(Collection entries)
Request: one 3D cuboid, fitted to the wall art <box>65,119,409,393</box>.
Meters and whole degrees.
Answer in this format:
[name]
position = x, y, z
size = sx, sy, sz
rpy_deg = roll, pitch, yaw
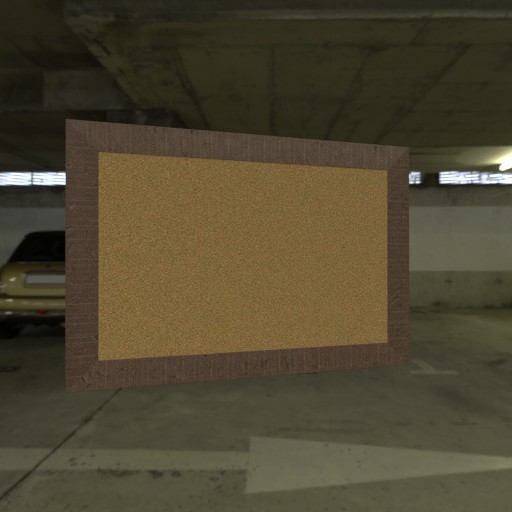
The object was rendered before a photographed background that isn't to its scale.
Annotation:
[wall art]
position = 0.000, 0.000, 1.156
size = 0.917, 0.626, 0.019
rpy_deg = 0, 0, -17

§ EXERCISE REQUIREMENTS:
What is needed is an exact copy of the lines from the line with "position = x, y, z" to the end of the data above, both included, without any pictures.

§ ANSWER:
position = x, y, z
size = sx, sy, sz
rpy_deg = roll, pitch, yaw
The object was rendered before a photographed background that isn't to its scale.
Annotation:
[wall art]
position = 0.000, 0.000, 1.156
size = 0.917, 0.626, 0.019
rpy_deg = 0, 0, -17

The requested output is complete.